While the above sections described how you would generate an OpenMM System and Topology instance from any of a number of file formats (e.g., Amber topology file, Gromacs topology file, or CHARMM PSF file), it is also possible to go in the reverse direction. That is, to start with Topology and System instances and convert those to a Structure instance.

The function for this is load_openmm, and takes a mandatory Topology instance, along with either an optional System instance or name of a serialized System XML file defining an OpenMM System, and returns a populated Structure from it. This is particularly useful when you parametrize a system using the OpenMM modelling capabilities, but want to use that parametrized system in another program, like Amber or Gromacs.

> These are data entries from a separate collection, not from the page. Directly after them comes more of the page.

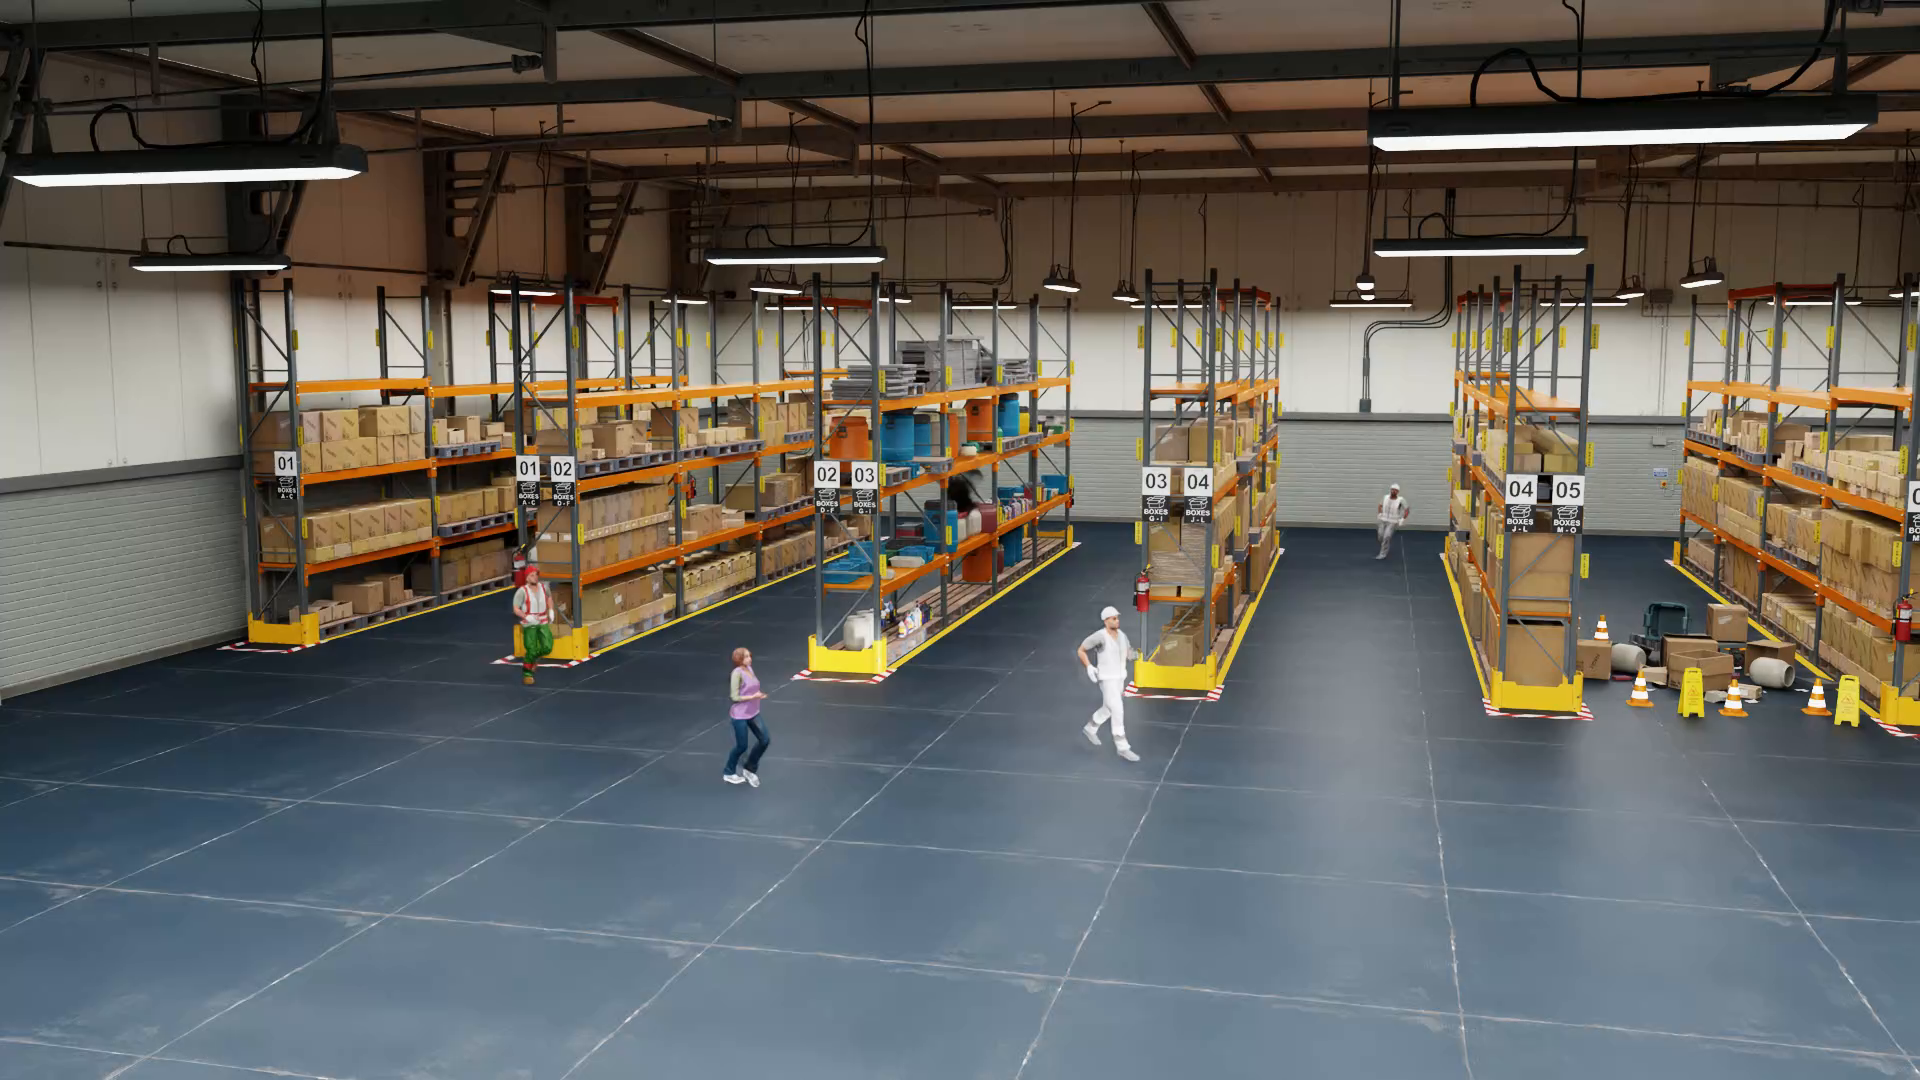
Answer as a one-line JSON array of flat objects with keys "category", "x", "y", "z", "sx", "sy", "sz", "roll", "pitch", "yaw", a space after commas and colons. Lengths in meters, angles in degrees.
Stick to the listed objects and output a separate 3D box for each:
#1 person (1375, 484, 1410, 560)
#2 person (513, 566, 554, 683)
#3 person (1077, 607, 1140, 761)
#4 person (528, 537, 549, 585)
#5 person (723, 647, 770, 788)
[{"category": "person", "x": 9.909, "y": -0.417, "z": 38.088, "sx": 0.745, "sy": 1.747, "sz": 0.735, "roll": 5, "pitch": 8, "yaw": 35}, {"category": "person", "x": -6.177, "y": 1.239, "z": 24.269, "sx": 0.696, "sy": 1.737, "sz": 0.655, "roll": -6, "pitch": 9, "yaw": -40}, {"category": "person", "x": 1.819, "y": 1.690, "z": 20.020, "sx": 0.976, "sy": 1.787, "sz": 0.660, "roll": 7, "pitch": 10, "yaw": 44}, {"category": "person", "x": -7.362, "y": 0.703, "z": 29.231, "sx": 0.567, "sy": 1.645, "sz": 0.755, "roll": 0, "pitch": 7, "yaw": 4}, {"category": "person", "x": -2.379, "y": 1.992, "z": 18.603, "sx": 0.635, "sy": 1.614, "sz": 0.514, "roll": 4, "pitch": 8, "yaw": 29}]
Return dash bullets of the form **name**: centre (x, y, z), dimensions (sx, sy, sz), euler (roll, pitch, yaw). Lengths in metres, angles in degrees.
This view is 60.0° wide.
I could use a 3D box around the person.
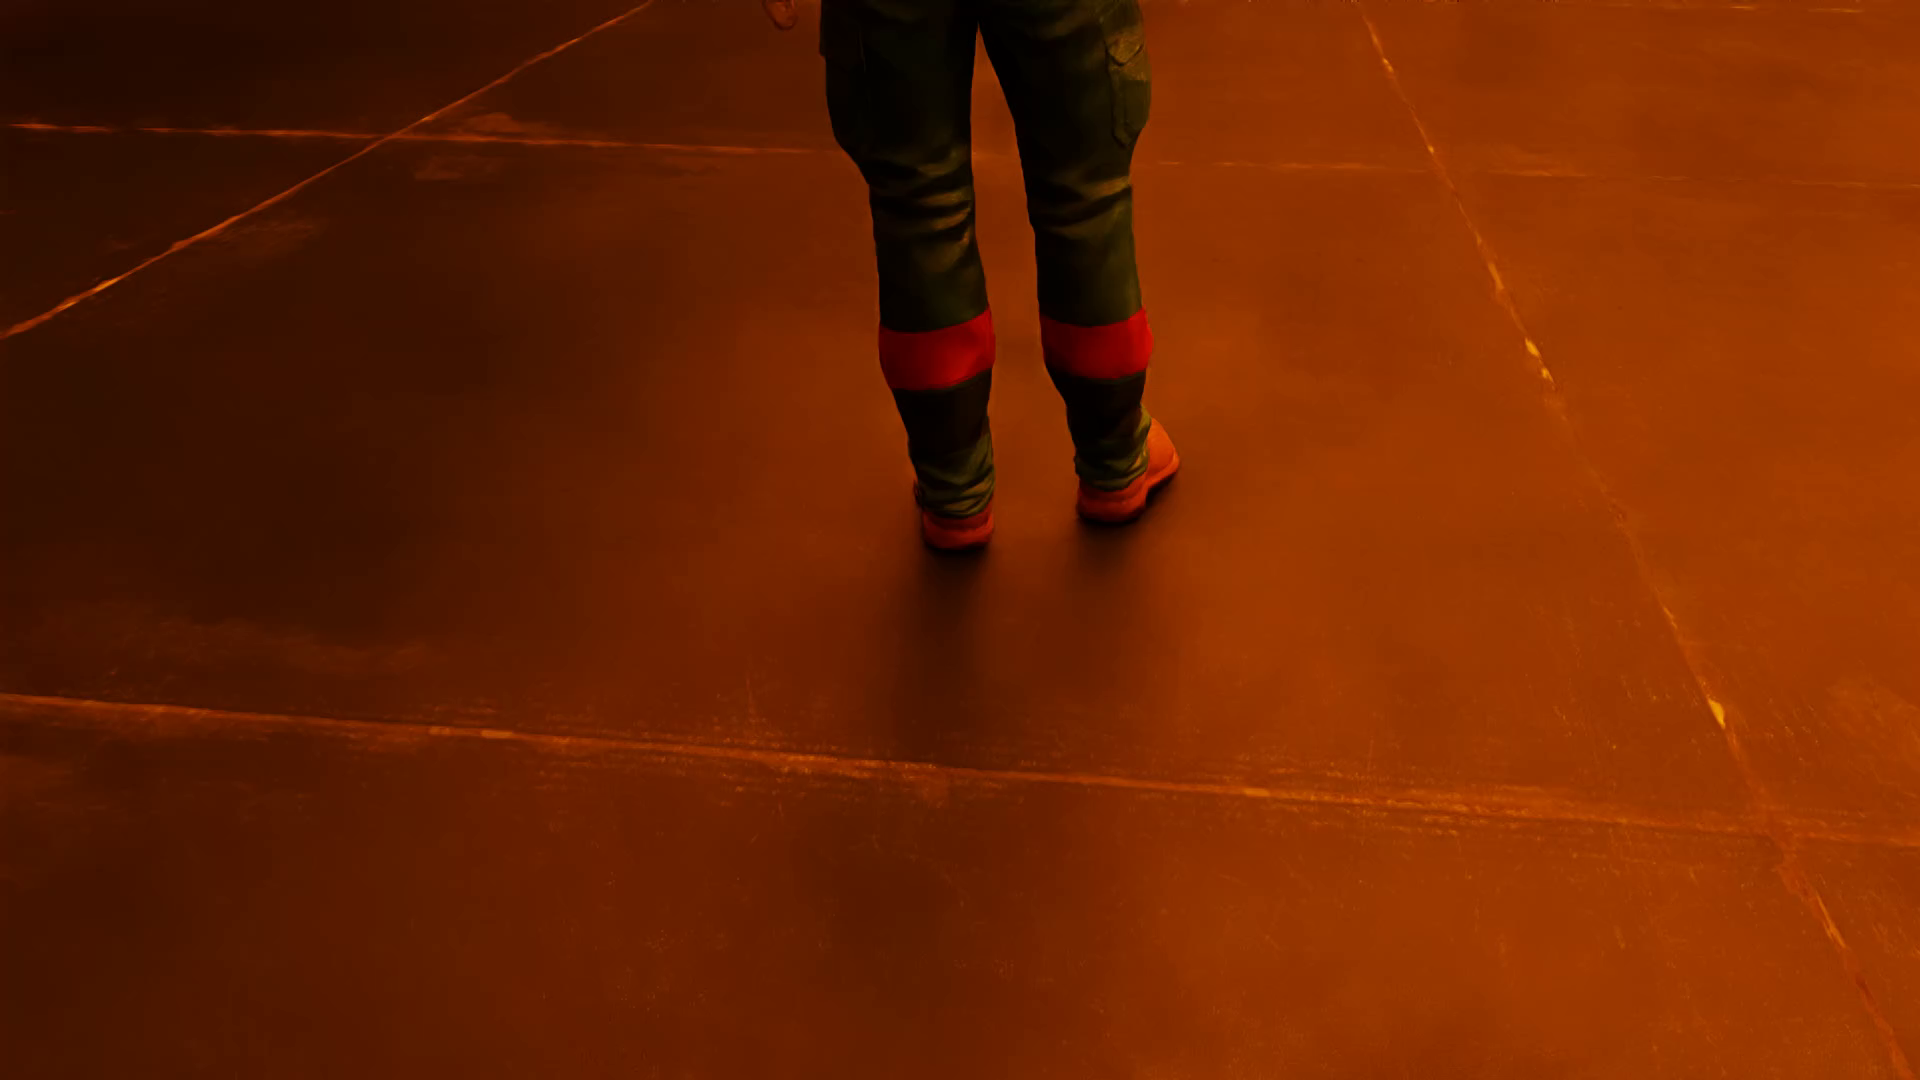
- **person**: centre (0.022, -0.839, 2.169), dimensions (0.637, 1.783, 0.563), euler (3, 27, 7)

An example is shown below, using the OpenMM functionality to parametrize a PDB file with the ff99SB force field:

import parmed as chem
import parmed.unit as u

from simtk.openmm import app
from simtk import openmm as mm

pdb = app.PDBFile('input.pdb')
forcefield = app.ForceField('amber99sb.xml', 'tip3p.xml')
system = forcefield.createSystem(pdb.topology, nonbondedMethod=app.PME,

struct = chem.openmm.load_topology(pdb.topology, system)

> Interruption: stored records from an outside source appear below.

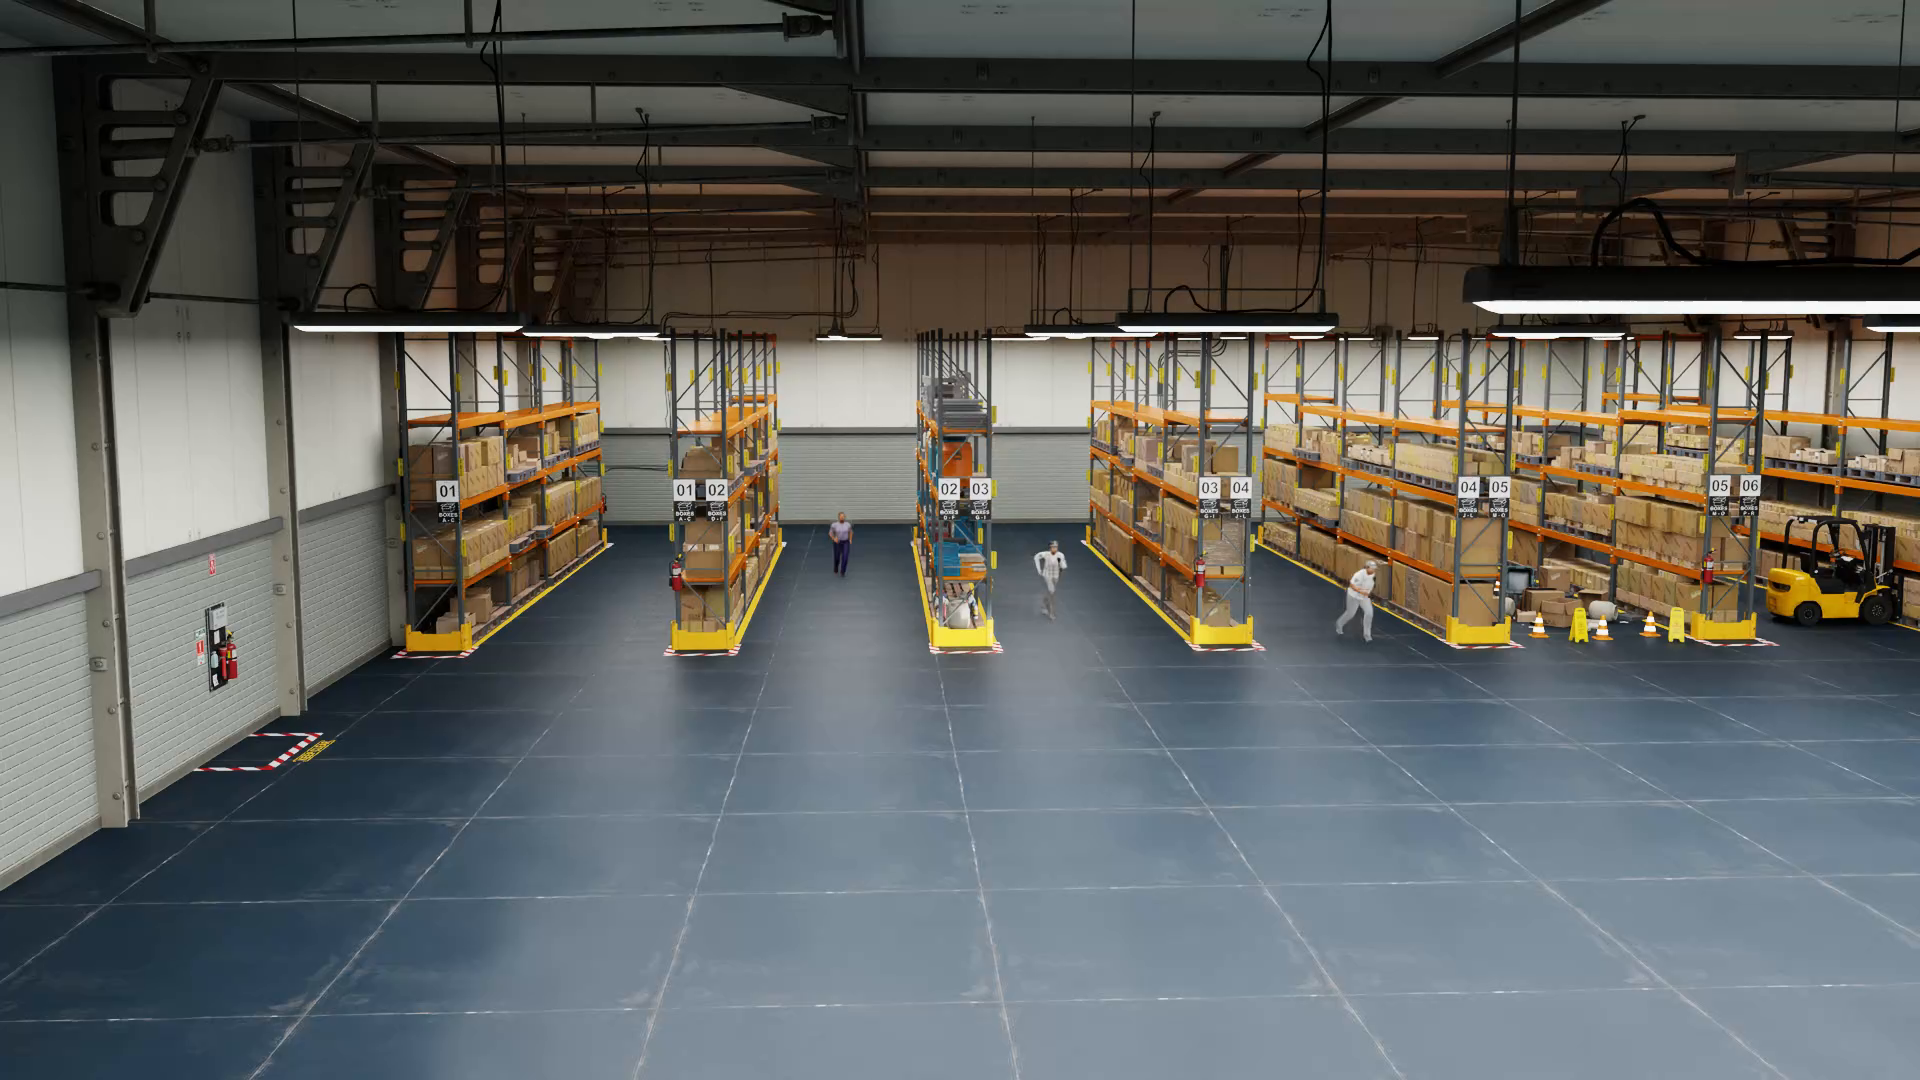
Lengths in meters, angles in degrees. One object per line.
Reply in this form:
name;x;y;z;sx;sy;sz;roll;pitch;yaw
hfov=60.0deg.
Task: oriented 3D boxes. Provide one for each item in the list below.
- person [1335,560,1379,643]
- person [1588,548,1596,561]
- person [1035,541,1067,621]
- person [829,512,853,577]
person;7.717;1.165;32.313;0.648;1.627;1.037;-5;8;-34
person;16.334;-0.224;43.432;0.569;1.696;0.851;-2;7;-15
person;1.888;0.816;34.762;0.605;1.677;0.889;-3;7;-20
person;-2.914;0.113;40.947;0.595;1.590;0.561;-1;7;-12

There are some limitations to this functionality, itemized below:

  • ParmEd does not recognize all of the different OpenMM Systems it can generate, such as any of those features implemented using a CustomNonbondedForce (e.g., NBFIX, 10-12 potential, 12-6-4 potential, etc.).

  • You should make sure to create the System with no constraints, since OpenMM may be missing bond or angle terms associated with the constrained degrees of freedom.

  • With the exception of certain CustomTorsionForce which are recognized as quadratic improper torsions, the presence of any CustomForce instances prevents ParmEd from recognizing the potential.